Widerstand unbekannt
Inzwischen waren viele aus dem Umfeld der Komintern und dem Metropol abgeholt und verurteilt worden.
Ein Schauprozess war dem andern gefolgt. Gefeierte Helden der Revolution wurden als Volksfeinde und Konterrevolutionäre angeklagt und zum Tode verurteilt. Sie fügen sich, spielen sogar mit — im Namen der Revolution, der sie schon so viel geopfert haben.
Gelegentlich kommen auch Wassili Wassiljewitsch Ulrich Bedenken. Nicht wegen der Opfer. Er will keinen Fehler machen und darf den Willen Stalins nicht missdeuten. Schon bei einem der ersten Schauprozesse, bei dem 16 verdiente Helden der Revolution angeklagt werden, waren Unstimmigkeiten aufgetaucht. Wie sollte er darauf reagieren, denn die Verlaufsprotokolle wurden täglich veröffentlicht. Jeder Fehler könnte auf ihn zurückschlagen. „Wenn diese Angeklagten jetzt aufstünden“, sagte er sich, „und die Wahrheit [!] sagten. Alle sechzehn … Sie brächten Stalin zu Fall.“ Aber das tun sie nicht. Sie fügen sich, weil sie überzeugt sind.

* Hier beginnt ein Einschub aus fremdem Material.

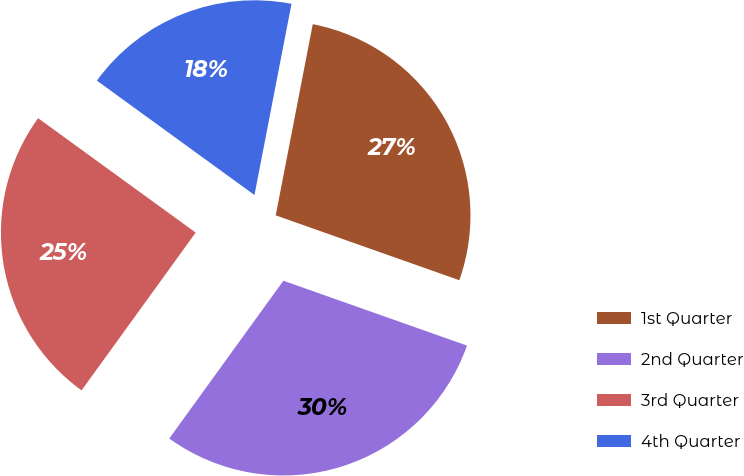<chart> <loc_0><loc_0><loc_500><loc_500><pie_chart><fcel>1st Quarter<fcel>2nd Quarter<fcel>3rd Quarter<fcel>4th Quarter<nl><fcel>27.36%<fcel>29.56%<fcel>25.03%<fcel>18.05%<nl></chart> 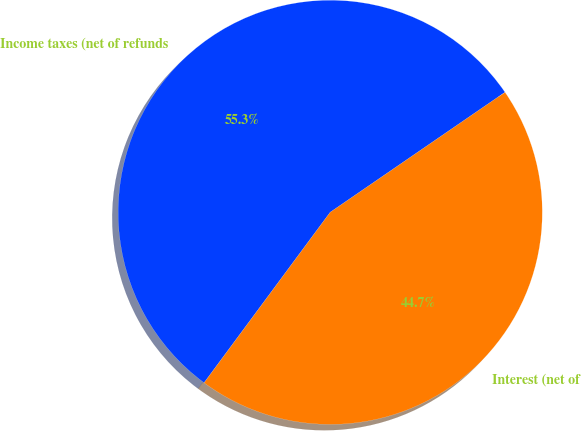Convert chart. <chart><loc_0><loc_0><loc_500><loc_500><pie_chart><fcel>Income taxes (net of refunds<fcel>Interest (net of<nl><fcel>55.29%<fcel>44.71%<nl></chart> 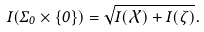<formula> <loc_0><loc_0><loc_500><loc_500>I ( \Sigma _ { 0 } \times \{ 0 \} ) = \sqrt { I ( \mathcal { X } ) + I ( \zeta ) } .</formula> 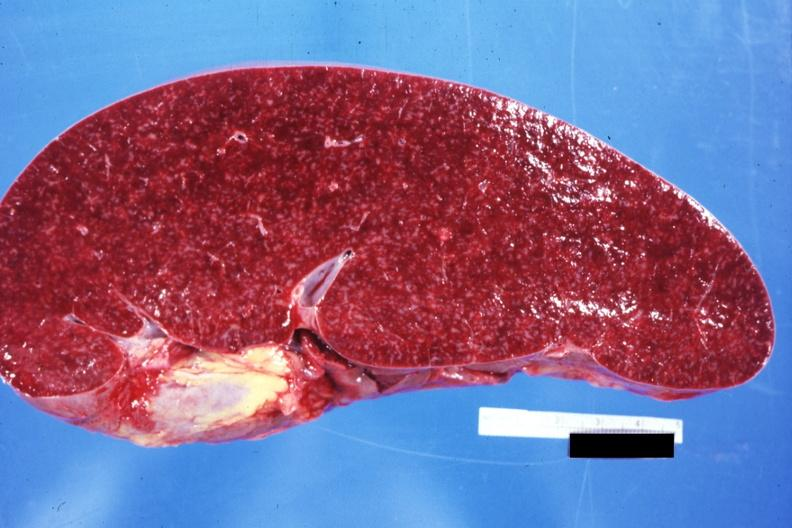how does normal see sides this case?
Answer the question using a single word or phrase. Other 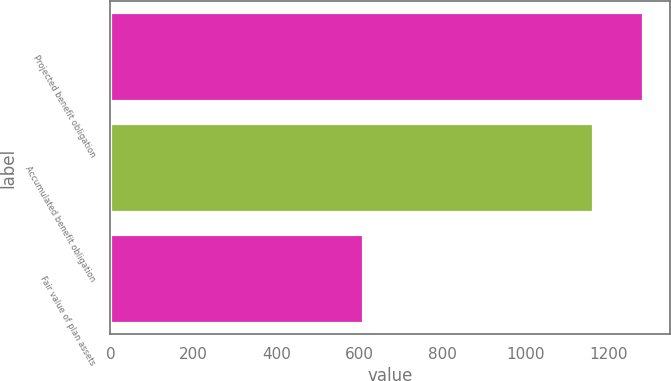Convert chart to OTSL. <chart><loc_0><loc_0><loc_500><loc_500><bar_chart><fcel>Projected benefit obligation<fcel>Accumulated benefit obligation<fcel>Fair value of plan assets<nl><fcel>1284<fcel>1163<fcel>610<nl></chart> 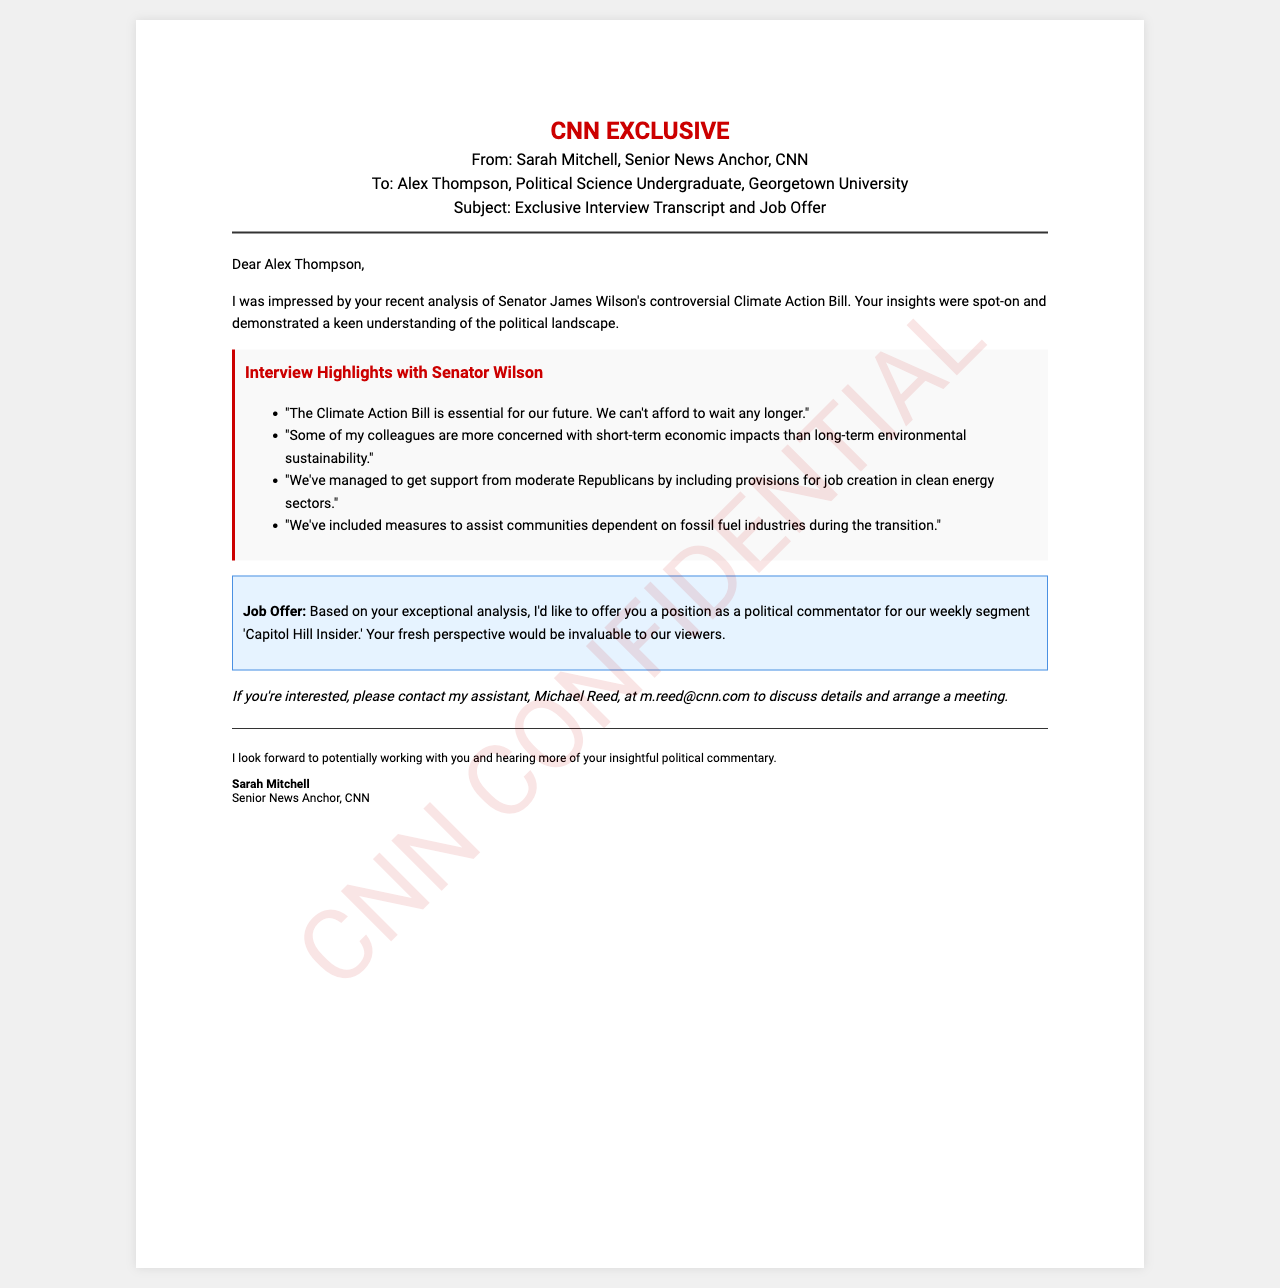What is the subject of the fax? The subject indicates the main topic discussed in the fax, which focuses on the exclusive interview transcript and a job offer.
Answer: Exclusive Interview Transcript and Job Offer Who is the politician interviewed? This question seeks to identify the high-profile figure discussed in the interview highlights.
Answer: Senator James Wilson What does Senator Wilson believe is essential for the future? This asks for a specific belief expressed by the senator regarding the urgency of the legislation.
Answer: The Climate Action Bill What is the position offered to Alex Thompson? This question pertains to the job title mentioned in the job offer section of the fax.
Answer: Political commentator Which segment will Alex Thompson be part of? This seeks the name of the weekly segment mentioned in the job offer where the commentator will contribute.
Answer: Capitol Hill Insider What is the email address for Michael Reed? This question requires the specific contact information provided for the assistant.
Answer: m.reed@cnn.com What are some concerns expressed by Senator Wilson's colleagues? This question looks for issues mentioned related to other senators' priorities regarding the legislation.
Answer: Short-term economic impacts What measures are included in the Climate Action Bill for communities? This asks for specific protective measures included in the legislation to support certain communities.
Answer: Assist communities dependent on fossil fuel industries How does Senator Wilson propose to gain support from moderate Republicans? This probes into the strategy outlined by the senator to gain bipartisan support.
Answer: Including provisions for job creation in clean energy sectors 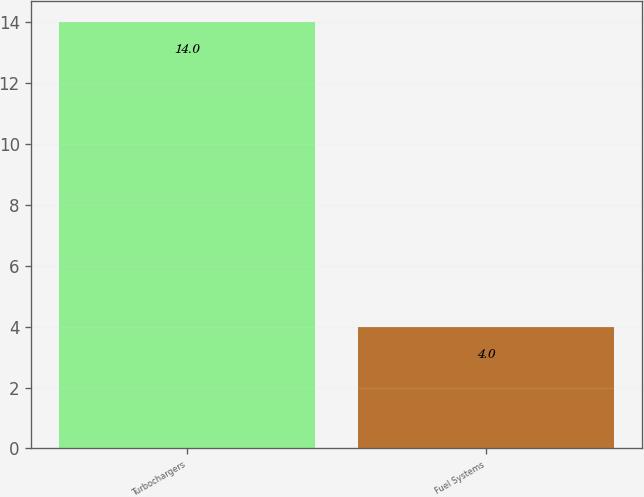<chart> <loc_0><loc_0><loc_500><loc_500><bar_chart><fcel>Turbochargers<fcel>Fuel Systems<nl><fcel>14<fcel>4<nl></chart>

Tatsächlich gibt es kaum Gegenwehr. Im Gegenteil.
„Draußen minus zwanzig Grad, schneidender Wind weht vom Roten Platz her. Trotzdem sind wieder Tausende gekommen, um für die Erschießung der Volksfeinde zu demonstrieren.“
Die Sprüche auf den Plakaten sind eindeutig: „Dank dir, Genosse Stalin!“ Viele sind handgemalt und schnell gefertigt, „auf denen die Menschen die Vernichtung der Mörderbande oder die Ausrottung der Schlangenbrut fordern“. Die Menge möchte ihr Bekenntnis zur guten Sache demonstrieren und fordert von Stalin [!] härteres Durchgreifen.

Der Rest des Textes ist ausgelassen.